WHAT TO WORK ON:
Give the lines below again, exactly as they stand, and leave out the images.

[Collected data]
------------------------------------------------------------------------

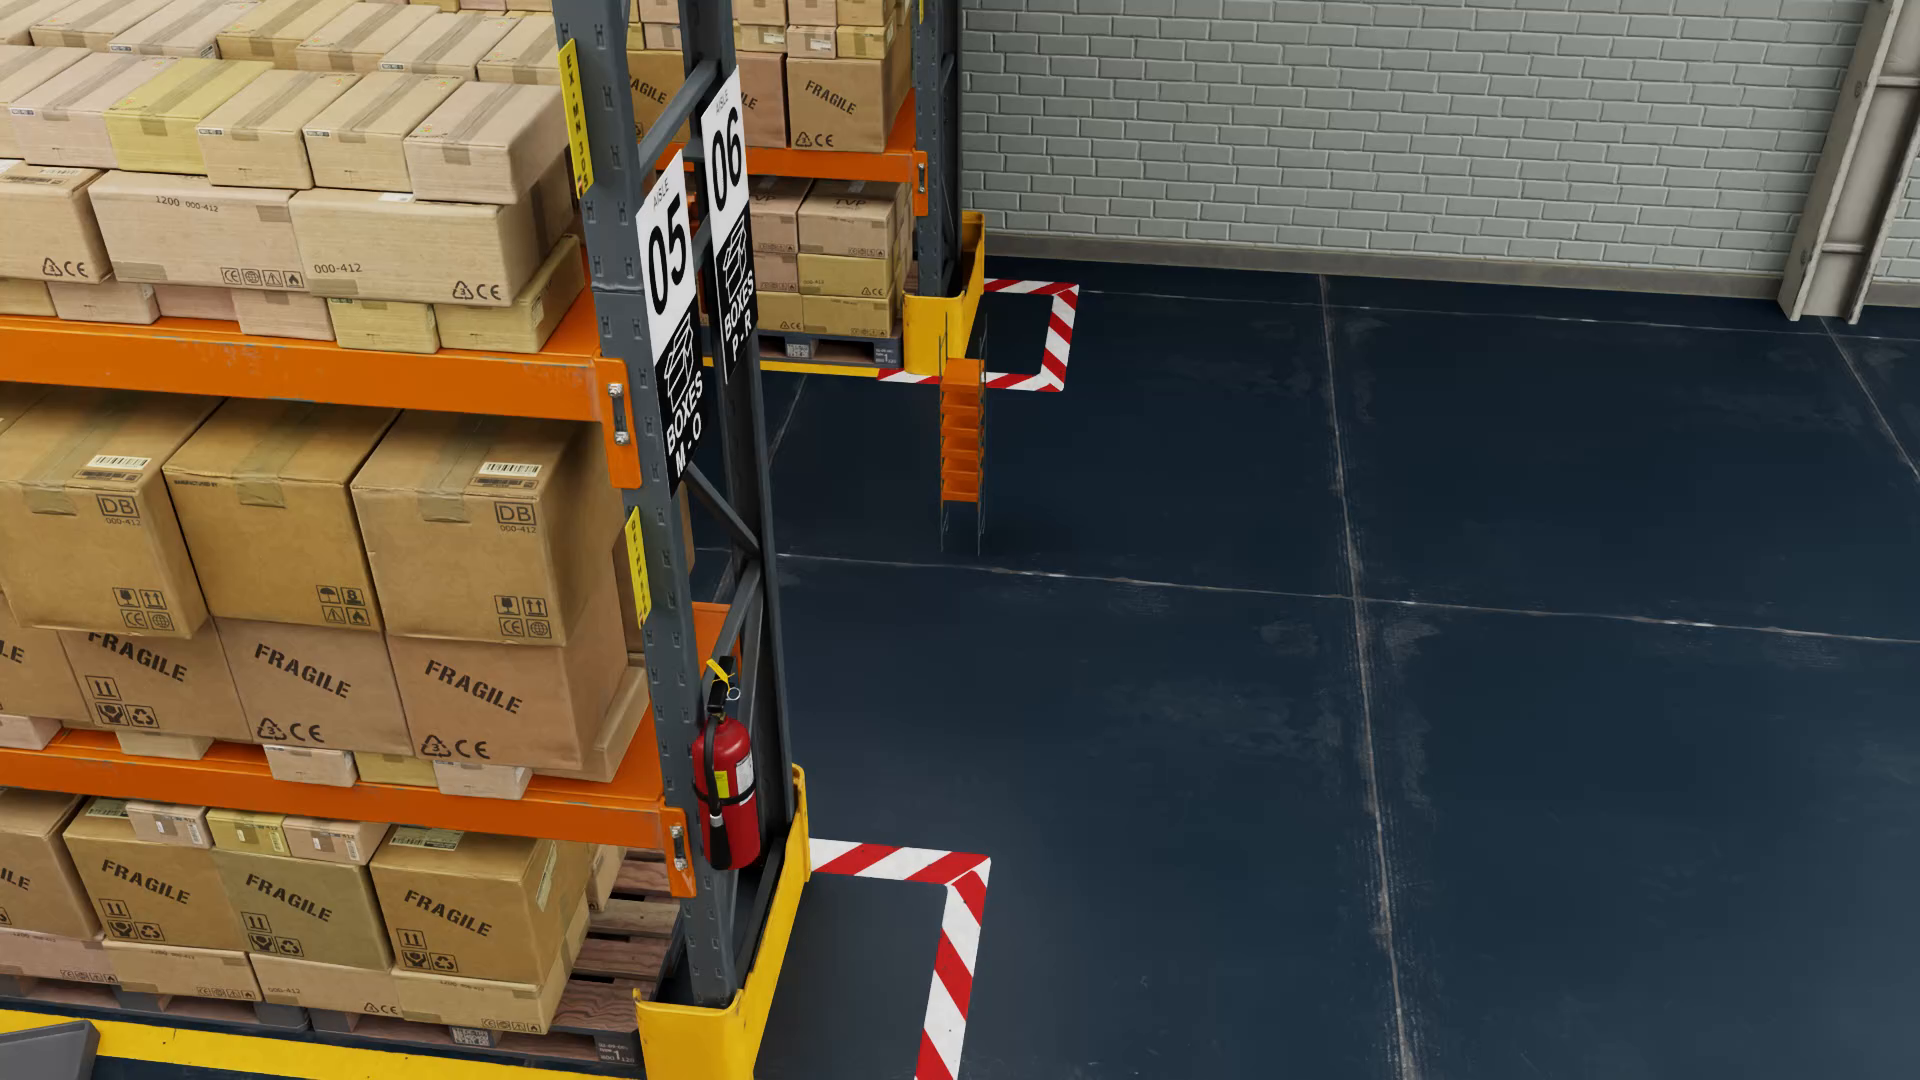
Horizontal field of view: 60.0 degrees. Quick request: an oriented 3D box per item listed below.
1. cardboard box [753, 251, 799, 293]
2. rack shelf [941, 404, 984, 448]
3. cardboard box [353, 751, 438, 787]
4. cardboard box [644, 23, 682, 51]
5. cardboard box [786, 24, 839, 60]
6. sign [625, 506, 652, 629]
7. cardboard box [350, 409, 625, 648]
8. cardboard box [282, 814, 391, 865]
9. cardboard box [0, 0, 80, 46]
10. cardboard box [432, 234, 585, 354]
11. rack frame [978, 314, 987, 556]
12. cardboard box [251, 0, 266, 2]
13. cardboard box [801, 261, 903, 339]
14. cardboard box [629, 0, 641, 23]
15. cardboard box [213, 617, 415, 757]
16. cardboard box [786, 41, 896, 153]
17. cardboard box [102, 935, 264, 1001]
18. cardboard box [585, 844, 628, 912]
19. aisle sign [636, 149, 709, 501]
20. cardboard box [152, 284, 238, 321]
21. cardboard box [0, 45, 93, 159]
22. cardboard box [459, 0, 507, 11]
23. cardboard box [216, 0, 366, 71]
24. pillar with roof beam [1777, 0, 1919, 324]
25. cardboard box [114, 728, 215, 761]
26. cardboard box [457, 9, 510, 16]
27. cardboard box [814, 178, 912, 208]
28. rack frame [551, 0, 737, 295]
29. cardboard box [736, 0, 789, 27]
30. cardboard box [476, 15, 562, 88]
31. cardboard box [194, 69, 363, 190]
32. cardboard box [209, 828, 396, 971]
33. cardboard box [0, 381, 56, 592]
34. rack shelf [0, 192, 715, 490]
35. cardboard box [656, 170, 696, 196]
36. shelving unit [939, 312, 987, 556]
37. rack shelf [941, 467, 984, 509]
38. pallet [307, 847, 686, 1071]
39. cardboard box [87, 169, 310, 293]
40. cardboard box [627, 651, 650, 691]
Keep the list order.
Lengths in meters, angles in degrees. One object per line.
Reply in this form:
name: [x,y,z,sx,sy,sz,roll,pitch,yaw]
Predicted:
cardboard box: [-1.130,-1.660,9.568,0.500,0.250,0.500,4,36,5]
rack shelf: [0.014,-0.549,7.856,0.180,0.103,0.258,4,36,6]
cardboard box: [-1.655,0.567,5.090,0.250,0.149,0.380,4,36,5]
cardboard box: [-1.513,-2.748,8.874,0.250,0.149,0.380,3,36,4]
cardboard box: [-0.748,-2.676,8.773,0.250,0.149,0.380,5,36,7]
sign: [-0.830,0.073,4.296,0.005,0.325,0.100,4,36,6]
cardboard box: [-1.274,-0.126,4.641,0.500,0.500,0.700,3,36,5]
cardboard box: [-1.940,0.837,5.297,0.250,0.149,0.380,5,36,7]
cardboard box: [-2.571,-1.363,4.525,0.250,0.149,0.380,5,36,7]
cardboard box: [-1.129,-0.629,4.183,0.250,0.149,0.380,4,36,6]
rack frame: [0.105,-0.481,7.890,0.006,1.200,0.240,4,36,6]
cardboard box: [-3.800,-3.032,9.016,0.250,0.149,0.380,5,36,7]
cardboard box: [-0.617,-1.410,9.648,0.500,0.250,0.500,5,36,6]
cardboard box: [-1.772,-2.873,8.793,0.250,0.149,0.380,5,36,7]
cardboard box: [-1.809,0.272,4.944,0.500,0.500,0.500,4,36,6]
cardboard box: [-0.633,-2.431,8.988,0.500,0.500,0.500,4,36,5]
cardboard box: [-2.608,1.320,5.824,0.500,0.250,0.500,3,36,4]
cardboard box: [-1.504,1.084,6.154,0.500,0.250,0.500,4,36,6]
aisle sign: [-0.715,-0.531,4.175,0.004,0.787,0.394,4,36,6]
cardboard box: [-1.882,-0.725,4.318,0.250,0.149,0.380,5,36,6]
cardboard box: [-2.362,-1.098,4.154,0.250,0.149,0.380,3,36,5]
cardboard box: [-2.512,-2.983,8.947,0.250,0.149,0.380,4,36,6]
cardboard box: [-1.798,-1.357,4.517,0.250,0.149,0.380,4,36,6]
pillar with roof beam: [4.716,-2.593,4.138,0.400,9.000,9.100,4,36,6]
cardboard box: [-2.415,0.499,5.185,0.250,0.149,0.380,4,36,5]
cardboard box: [-2.530,-2.819,8.974,0.250,0.149,0.380,3,36,4]
cardboard box: [-0.564,-2.109,9.767,0.500,0.250,0.500,4,36,5]
rack frame: [-0.740,-2.087,3.428,0.127,3.000,1.000,4,36,6]
cardboard box: [-1.005,-2.840,8.747,0.250,0.149,0.380,5,36,7]
cardboard box: [-1.066,-1.232,4.342,0.250,0.149,0.380,4,36,6]
cardboard box: [-1.619,-0.993,4.006,0.250,0.149,0.380,4,36,5]
cardboard box: [-2.085,1.052,5.553,0.500,0.500,0.500,6,36,8]
cardboard box: [-2.771,-0.263,4.833,0.500,0.500,0.700,4,36,6]
rack shelf: [-2.723,-0.721,4.715,4.000,0.370,1.077,4,36,6]
cardboard box: [-1.616,-1.884,9.453,0.500,0.250,0.500,5,36,7]
shelving unit: [0.014,-0.487,7.900,0.189,1.200,0.258,4,36,6]
rack shelf: [0.014,-0.256,8.065,0.180,0.103,0.258,4,36,6]
pallet: [-1.616,1.404,6.101,1.213,0.211,1.003,4,36,6]
cardboard box: [-1.779,-0.854,4.156,0.500,0.250,0.500,4,36,5]
cardboard box: [-1.050,0.313,5.446,0.250,0.149,0.380,4,36,6]
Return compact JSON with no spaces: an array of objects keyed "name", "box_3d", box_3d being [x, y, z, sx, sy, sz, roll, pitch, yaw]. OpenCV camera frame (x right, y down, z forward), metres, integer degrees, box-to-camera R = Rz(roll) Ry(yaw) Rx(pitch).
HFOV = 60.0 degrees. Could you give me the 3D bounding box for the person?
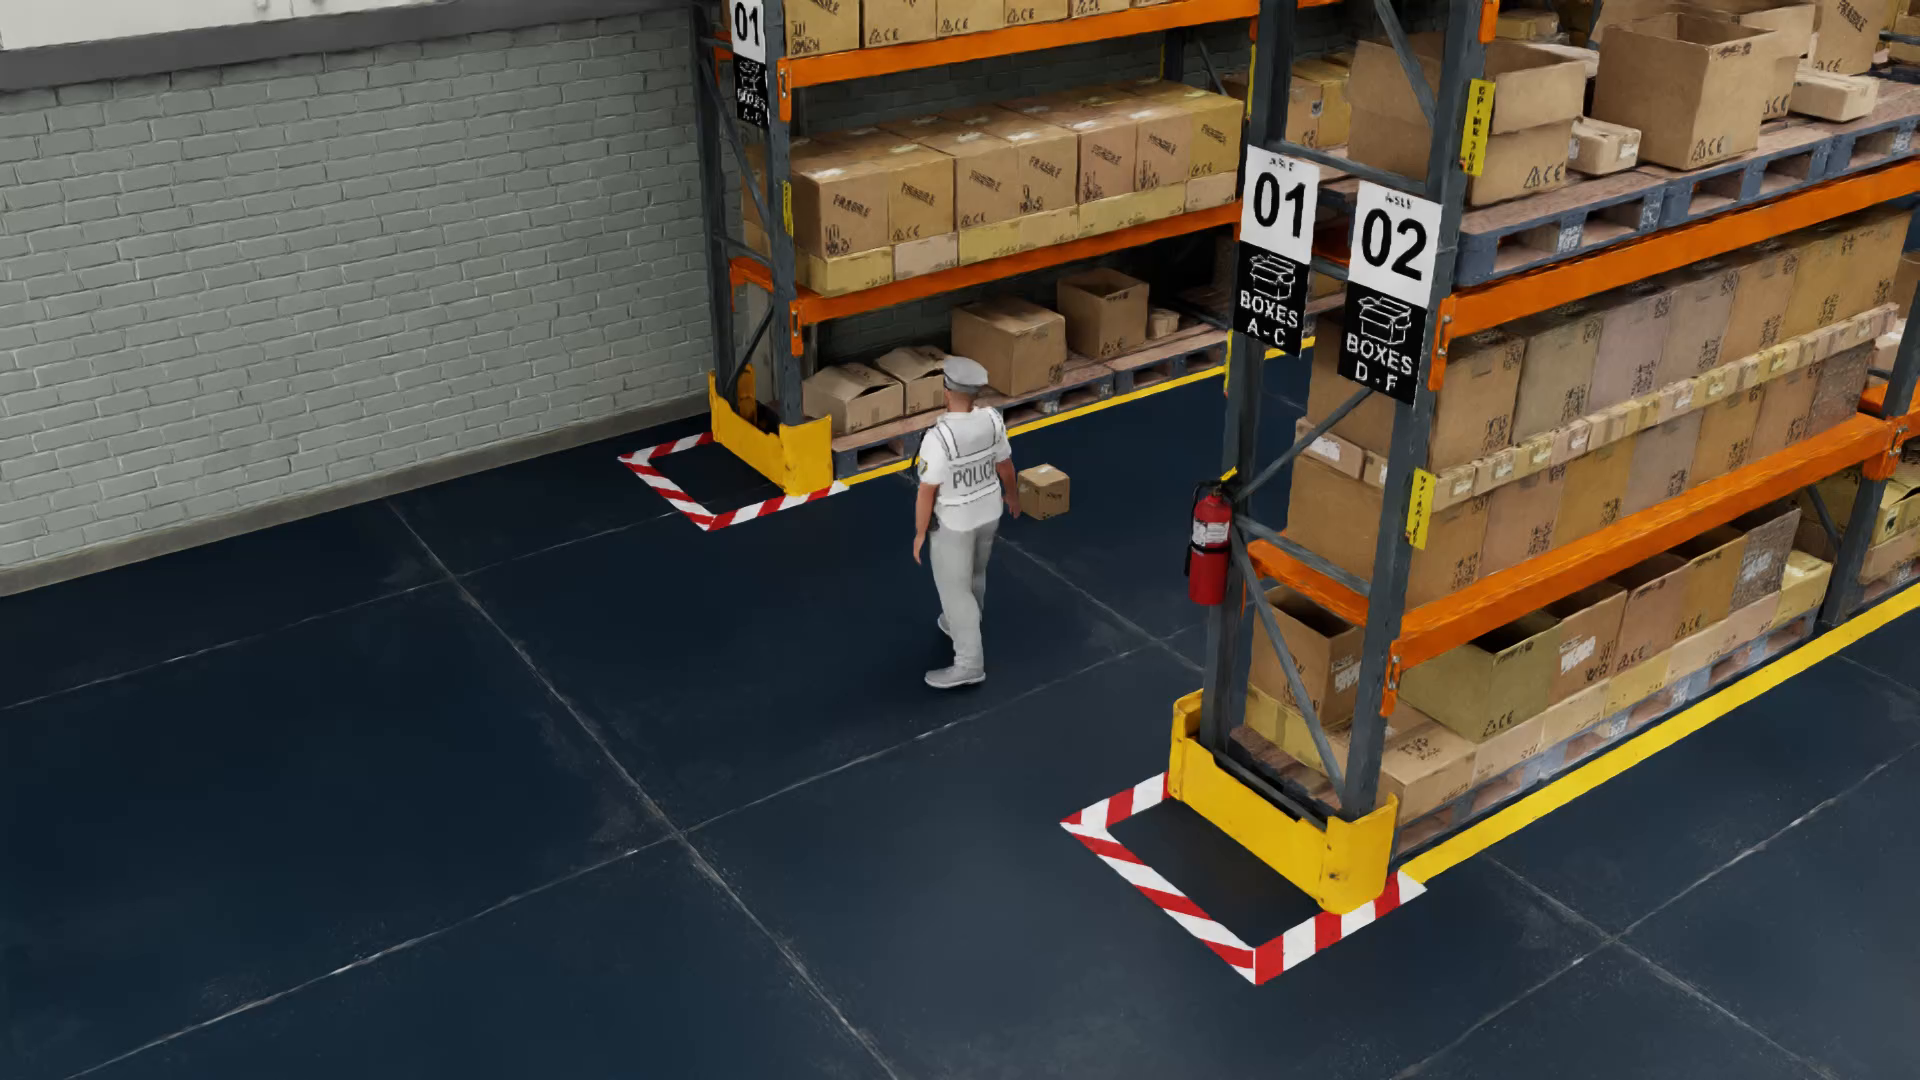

------------------------------------------------------------------------

WRITTEN SOLUTION:
Horizontal field of view: 60.0 degrees. Quick request: an oriented 3D box per item listed below.
1. cardboard box [753, 251, 799, 293]
2. rack shelf [941, 404, 984, 448]
3. cardboard box [353, 751, 438, 787]
4. cardboard box [644, 23, 682, 51]
5. cardboard box [786, 24, 839, 60]
6. sign [625, 506, 652, 629]
7. cardboard box [350, 409, 625, 648]
8. cardboard box [282, 814, 391, 865]
9. cardboard box [0, 0, 80, 46]
10. cardboard box [432, 234, 585, 354]
11. rack frame [978, 314, 987, 556]
12. cardboard box [251, 0, 266, 2]
13. cardboard box [801, 261, 903, 339]
14. cardboard box [629, 0, 641, 23]
15. cardboard box [213, 617, 415, 757]
16. cardboard box [786, 41, 896, 153]
17. cardboard box [102, 935, 264, 1001]
18. cardboard box [585, 844, 628, 912]
19. aisle sign [636, 149, 709, 501]
20. cardboard box [152, 284, 238, 321]
21. cardboard box [0, 45, 93, 159]
22. cardboard box [459, 0, 507, 11]
23. cardboard box [216, 0, 366, 71]
24. pillar with roof beam [1777, 0, 1919, 324]
25. cardboard box [114, 728, 215, 761]
26. cardboard box [457, 9, 510, 16]
27. cardboard box [814, 178, 912, 208]
28. rack frame [551, 0, 737, 295]
29. cardboard box [736, 0, 789, 27]
30. cardboard box [476, 15, 562, 88]
31. cardboard box [194, 69, 363, 190]
32. cardboard box [209, 828, 396, 971]
33. cardboard box [0, 381, 56, 592]
34. rack shelf [0, 192, 715, 490]
35. cardboard box [656, 170, 696, 196]
36. shelving unit [939, 312, 987, 556]
37. rack shelf [941, 467, 984, 509]
38. pallet [307, 847, 686, 1071]
39. cardboard box [87, 169, 310, 293]
40. cardboard box [627, 651, 650, 691]
Keep the list order.
Lengths in meters, angles in degrees. One object per line.
Reply in this form:
name: [x,y,z,sx,sy,sz,roll,pitch,yaw]
Predicted:
cardboard box: [-1.130,-1.660,9.568,0.500,0.250,0.500,4,36,5]
rack shelf: [0.014,-0.549,7.856,0.180,0.103,0.258,4,36,6]
cardboard box: [-1.655,0.567,5.090,0.250,0.149,0.380,4,36,5]
cardboard box: [-1.513,-2.748,8.874,0.250,0.149,0.380,3,36,4]
cardboard box: [-0.748,-2.676,8.773,0.250,0.149,0.380,5,36,7]
sign: [-0.830,0.073,4.296,0.005,0.325,0.100,4,36,6]
cardboard box: [-1.274,-0.126,4.641,0.500,0.500,0.700,3,36,5]
cardboard box: [-1.940,0.837,5.297,0.250,0.149,0.380,5,36,7]
cardboard box: [-2.571,-1.363,4.525,0.250,0.149,0.380,5,36,7]
cardboard box: [-1.129,-0.629,4.183,0.250,0.149,0.380,4,36,6]
rack frame: [0.105,-0.481,7.890,0.006,1.200,0.240,4,36,6]
cardboard box: [-3.800,-3.032,9.016,0.250,0.149,0.380,5,36,7]
cardboard box: [-0.617,-1.410,9.648,0.500,0.250,0.500,5,36,6]
cardboard box: [-1.772,-2.873,8.793,0.250,0.149,0.380,5,36,7]
cardboard box: [-1.809,0.272,4.944,0.500,0.500,0.500,4,36,6]
cardboard box: [-0.633,-2.431,8.988,0.500,0.500,0.500,4,36,5]
cardboard box: [-2.608,1.320,5.824,0.500,0.250,0.500,3,36,4]
cardboard box: [-1.504,1.084,6.154,0.500,0.250,0.500,4,36,6]
aisle sign: [-0.715,-0.531,4.175,0.004,0.787,0.394,4,36,6]
cardboard box: [-1.882,-0.725,4.318,0.250,0.149,0.380,5,36,6]
cardboard box: [-2.362,-1.098,4.154,0.250,0.149,0.380,3,36,5]
cardboard box: [-2.512,-2.983,8.947,0.250,0.149,0.380,4,36,6]
cardboard box: [-1.798,-1.357,4.517,0.250,0.149,0.380,4,36,6]
pillar with roof beam: [4.716,-2.593,4.138,0.400,9.000,9.100,4,36,6]
cardboard box: [-2.415,0.499,5.185,0.250,0.149,0.380,4,36,5]
cardboard box: [-2.530,-2.819,8.974,0.250,0.149,0.380,3,36,4]
cardboard box: [-0.564,-2.109,9.767,0.500,0.250,0.500,4,36,5]
rack frame: [-0.740,-2.087,3.428,0.127,3.000,1.000,4,36,6]
cardboard box: [-1.005,-2.840,8.747,0.250,0.149,0.380,5,36,7]
cardboard box: [-1.066,-1.232,4.342,0.250,0.149,0.380,4,36,6]
cardboard box: [-1.619,-0.993,4.006,0.250,0.149,0.380,4,36,5]
cardboard box: [-2.085,1.052,5.553,0.500,0.500,0.500,6,36,8]
cardboard box: [-2.771,-0.263,4.833,0.500,0.500,0.700,4,36,6]
rack shelf: [-2.723,-0.721,4.715,4.000,0.370,1.077,4,36,6]
cardboard box: [-1.616,-1.884,9.453,0.500,0.250,0.500,5,36,7]
shelving unit: [0.014,-0.487,7.900,0.189,1.200,0.258,4,36,6]
rack shelf: [0.014,-0.256,8.065,0.180,0.103,0.258,4,36,6]
pallet: [-1.616,1.404,6.101,1.213,0.211,1.003,4,36,6]
cardboard box: [-1.779,-0.854,4.156,0.500,0.250,0.500,4,36,5]
cardboard box: [-1.050,0.313,5.446,0.250,0.149,0.380,4,36,6]
Return compact JSON with no spaces: an array of objects keyed "name", "box_3d", box_3d being [x, y, z, sx, sy, sz, roll, pitch, yaw]. OpenCV camera frame (x right, y down, z forward), metres, integer degrees, box-to-camera R = Rz(roll) Ry(yaw) Rx(pitch).
HFOV = 60.0 degrees. Could you give me the 3D bounding box for the person?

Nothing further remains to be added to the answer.